* Exercise *
Beginning at the line that holds "For every layout", restate each line exactly through the final line of the records. Include both of those lines.

* Data items *

- - - - -

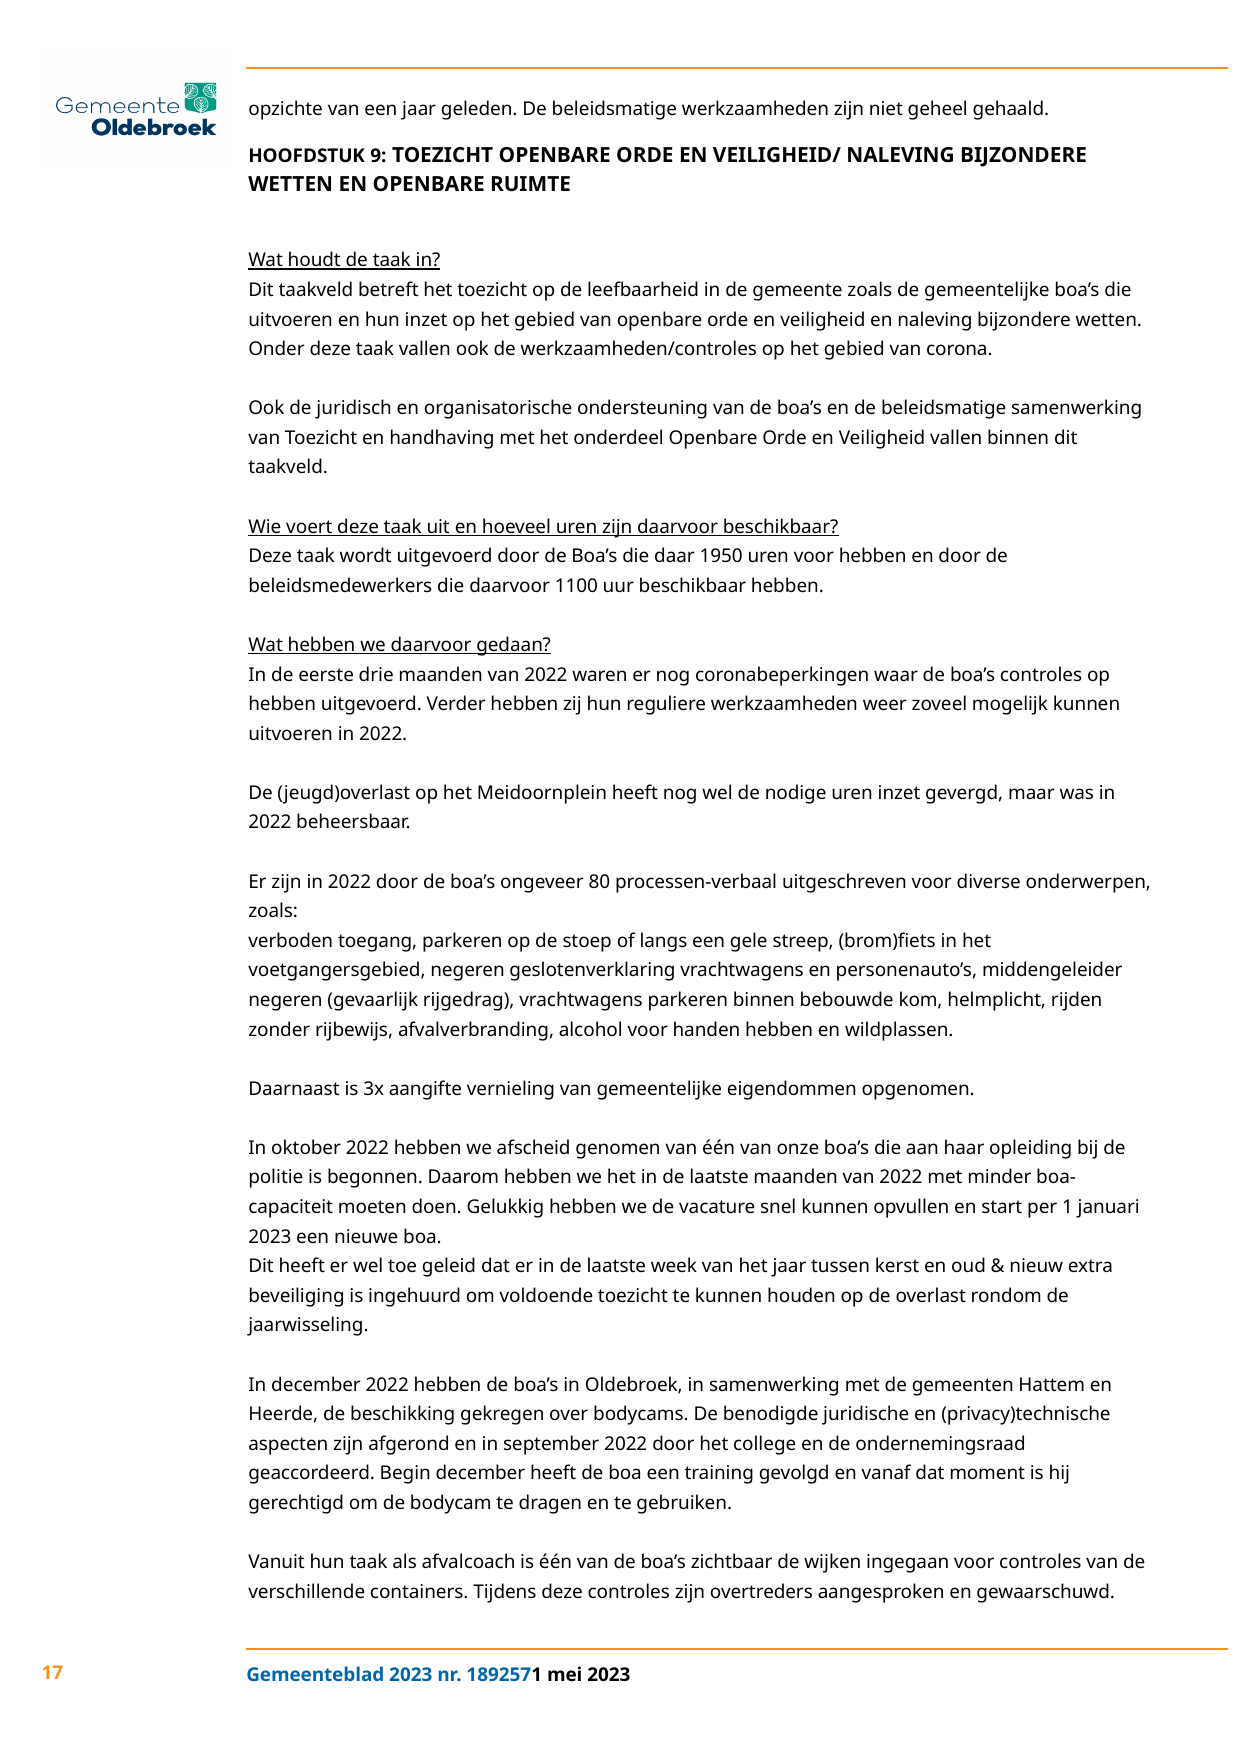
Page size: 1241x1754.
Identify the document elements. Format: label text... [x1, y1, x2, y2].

text Er zijn in 2022 door de boa’s ongeveer 80 processen-verbaal uitgeschreven voor diverse onderwerpen, zoals: [248, 868, 1152, 923]
text Dit taakveld betreft het toezicht op de leefbaarheid in de gemeente zoals de gemeentelijke boa’s die uitvoeren en hun inzet op het gebied van openbare orde en veiligheid en naleving bijzondere wetten. Onder deze taak vallen ook de werkzaamheden/controles op het gebied van corona. [248, 276, 1152, 361]
text Ook de juridisch en organisatorische ondersteuning van de boa’s en de beleidsmatige samenwerking van Toezicht en handhaving met het onderdeel Openbare Orde en Veiligheid vallen binnen dit taakveld. [248, 394, 1152, 479]
text Wat houdt de taak in? [248, 247, 1152, 272]
text Vanuit hun taak als afvalcoach is één van de boa’s zichtbaar de wijken ingegaan voor controles van de verschillende containers. Tijdens deze controles zijn overtreders aangesproken en gewaarschuwd. [248, 1548, 1152, 1603]
text HOOFDSTUK 9: TOEZICHT OPENBARE ORDE EN VEILIGHEID/ NALEVING BIJZONDERE WETTEN EN OPENBARE RUIMTE [248, 140, 1152, 197]
text opzichte van een jaar geleden. De beleidsmatige werkzaamheden zijn niet geheel gehaald. [248, 95, 1152, 121]
picture [41, 47, 231, 172]
text In de eerste drie maanden van 2022 waren er nog coronabeperkingen waar de boa’s controles op hebben uitgevoerd. Verder hebben zij hun reguliere werkzaamheden weer zoveel mogelijk kunnen uitvoeren in 2022. [248, 661, 1152, 746]
text verboden toegang, parkeren op de stoep of langs een gele streep, (brom)fiets in het voetgangersgebied, negeren geslotenverklaring vrachtwagens en personenauto’s, middengeleider negeren (gevaarlijk rijgedrag), vrachtwagens parkeren binnen bebouwde kom, helmplicht, rijden zonder rijbewijs, afvalverbranding, alcohol voor handen hebben en wildplassen. [248, 927, 1152, 1041]
text In december 2022 hebben de boa’s in Oldebroek, in samenwerking met de gemeenten Hattem en Heerde, de beschikking gekregen over bodycams. De benodigde juridische en (privacy)technische aspecten zijn afgerond en in september 2022 door het college en de ondernemingsraad geaccordeerd. Begin december heeft de boa een training gevolgd en vanaf dat moment is hij gerechtigd om de bodycam te dragen en te gebruiken. [248, 1371, 1152, 1515]
text De (jeugd)overlast op het Meidoornplein heeft nog wel de nodige uren inzet gevergd, maar was in 2022 beheersbaar. [248, 779, 1152, 834]
text Wat hebben we daarvoor gedaan? [248, 631, 1152, 657]
text Daarnaast is 3x aangifte vernieling van gemeentelijke eigendommen opgenomen. [248, 1075, 1152, 1101]
text In oktober 2022 hebben we afscheid genomen van één van onze boa’s die aan haar opleiding bij de politie is begonnen. Daarom hebben we het in de laatste maanden van 2022 met minder boa-capaciteit moeten doen. Gelukkig hebben we de vacature snel kunnen opvullen en start per 1 januari 2023 een nieuwe boa. [248, 1134, 1152, 1248]
text Dit heeft er wel toe geleid dat er in de laatste week van het jaar tussen kerst en oud & nieuw extra beveiliging is ingehuurd om voldoende toezicht te kunnen houden op de overlast rondom de jaarwisseling. [248, 1252, 1152, 1337]
text Deze taak wordt uitgevoerd door de Boa’s die daar 1950 uren voor hebben en door de beleidsmedewerkers die daarvoor 1100 uur beschikbaar hebben. [248, 542, 1152, 598]
text Wie voert deze taak uit en hoeveel uren zijn daarvoor beschikbaar? [248, 513, 1152, 538]
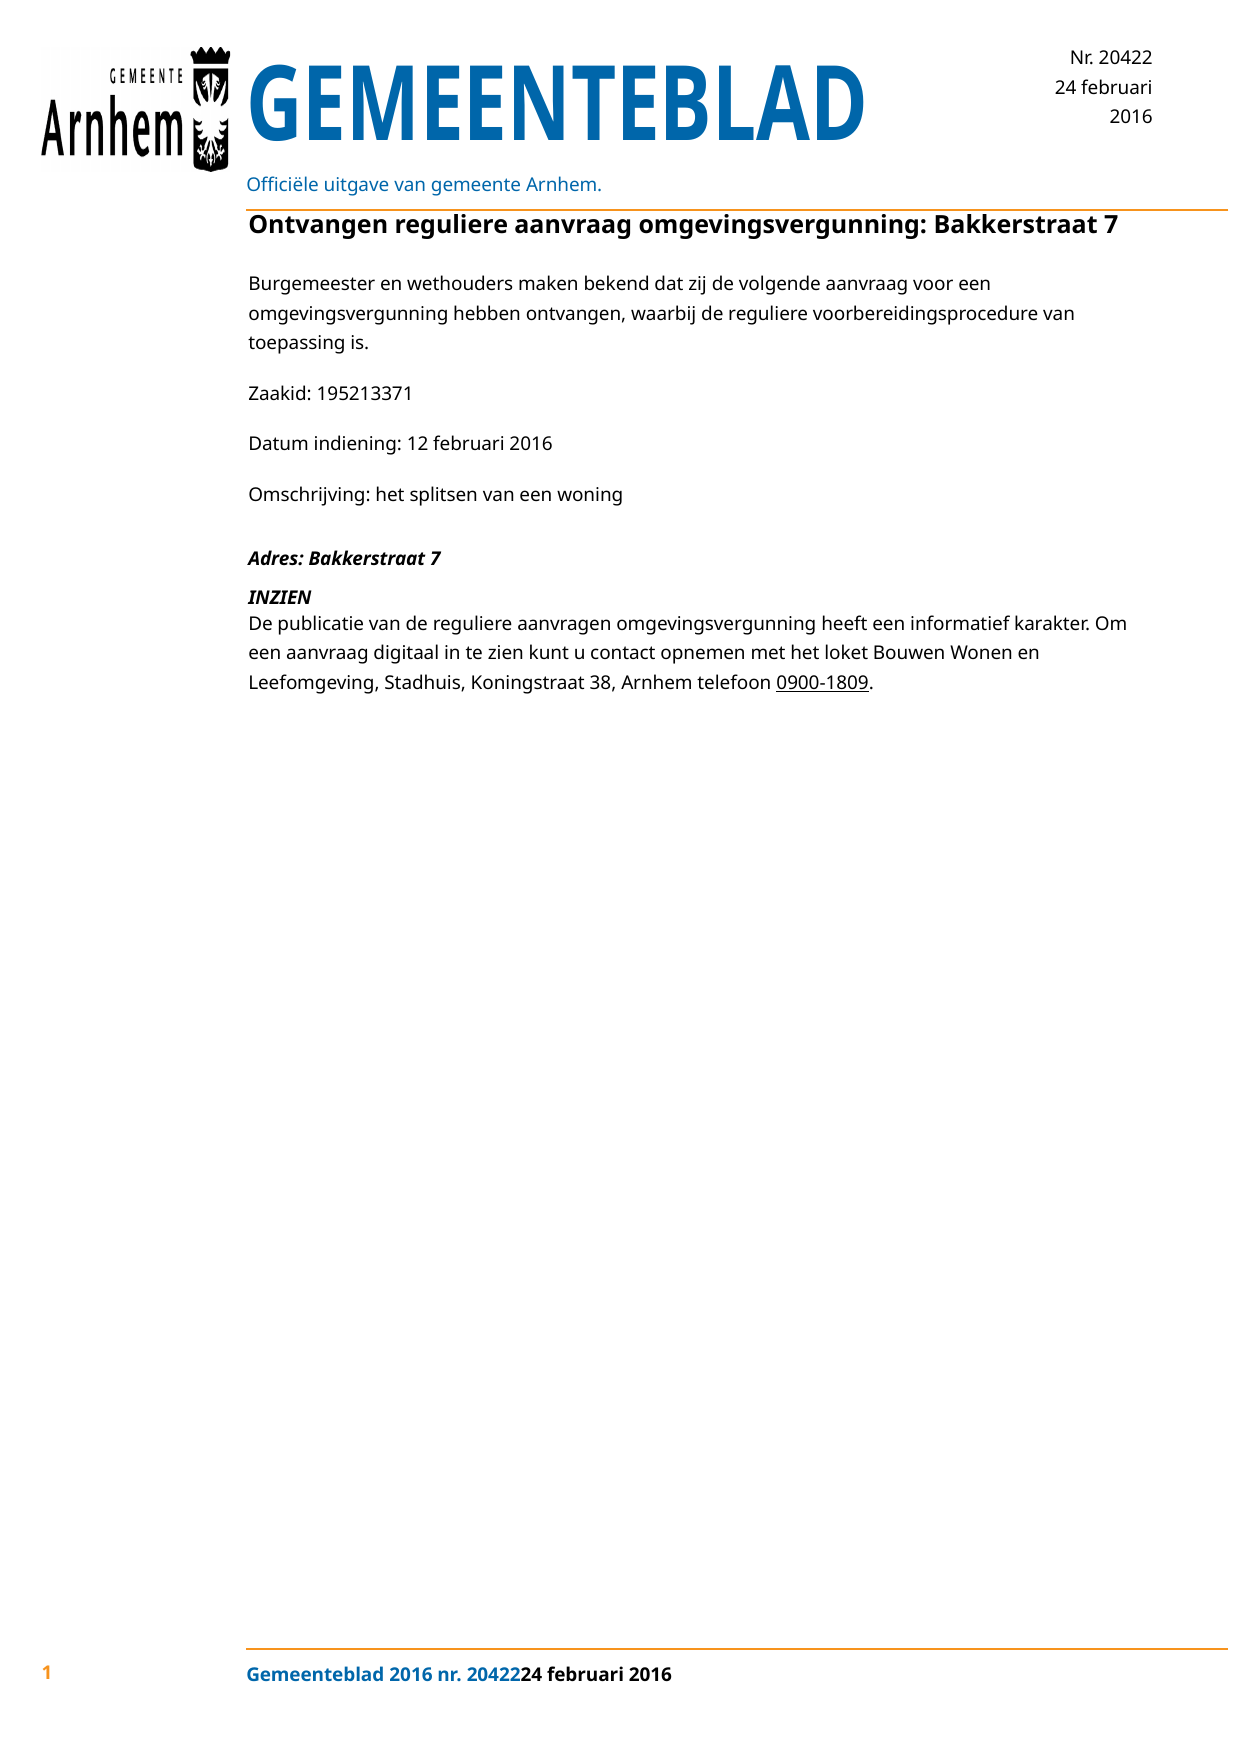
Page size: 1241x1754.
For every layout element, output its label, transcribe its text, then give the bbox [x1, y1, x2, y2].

text Adres: Bakkerstraat 7 [248, 545, 1152, 570]
text Zaakid: 195213371 [248, 380, 1152, 406]
text Omschrijving: het splitsen van een woning [248, 481, 1152, 506]
text Burgemeester en wethouders maken bekend dat zij de volgende aanvraag voor een omgevingsvergunning hebben ontvangen, waarbij de reguliere voorbereidingsprocedure van toepassing is. [248, 270, 1152, 355]
text Ontvangen reguliere aanvraag omgevingsvergunning: Bakkerstraat 7 [248, 211, 1152, 241]
text INZIEN [248, 584, 1152, 610]
text De publicatie van de reguliere aanvragen omgevingsvergunning heeft een informatief karakter. Om een aanvraag digitaal in te zien kunt u contact opnemen met het loket Bouwen Wonen en Leefomgeving, Stadhuis, Koningstraat 38, Arnhem telefoon 0900-1809. [248, 610, 1152, 694]
text Datum indiening: 12 februari 2016 [248, 430, 1152, 456]
picture [41, 47, 231, 172]

- - - - -

* Written answer *
For every layout element, output its label, transcribe its text, then give the bbox [x1, y1, x2, y2].

text Adres: Bakkerstraat 7 [248, 545, 1152, 570]
text Zaakid: 195213371 [248, 380, 1152, 406]
text Omschrijving: het splitsen van een woning [248, 481, 1152, 506]
text Burgemeester en wethouders maken bekend dat zij de volgende aanvraag voor een omgevingsvergunning hebben ontvangen, waarbij de reguliere voorbereidingsprocedure van toepassing is. [248, 270, 1152, 355]
text Ontvangen reguliere aanvraag omgevingsvergunning: Bakkerstraat 7 [248, 211, 1152, 241]
text INZIEN [248, 584, 1152, 610]
text De publicatie van de reguliere aanvragen omgevingsvergunning heeft een informatief karakter. Om een aanvraag digitaal in te zien kunt u contact opnemen met het loket Bouwen Wonen en Leefomgeving, Stadhuis, Koningstraat 38, Arnhem telefoon 0900-1809. [248, 610, 1152, 694]
text Datum indiening: 12 februari 2016 [248, 430, 1152, 456]
picture [41, 47, 231, 172]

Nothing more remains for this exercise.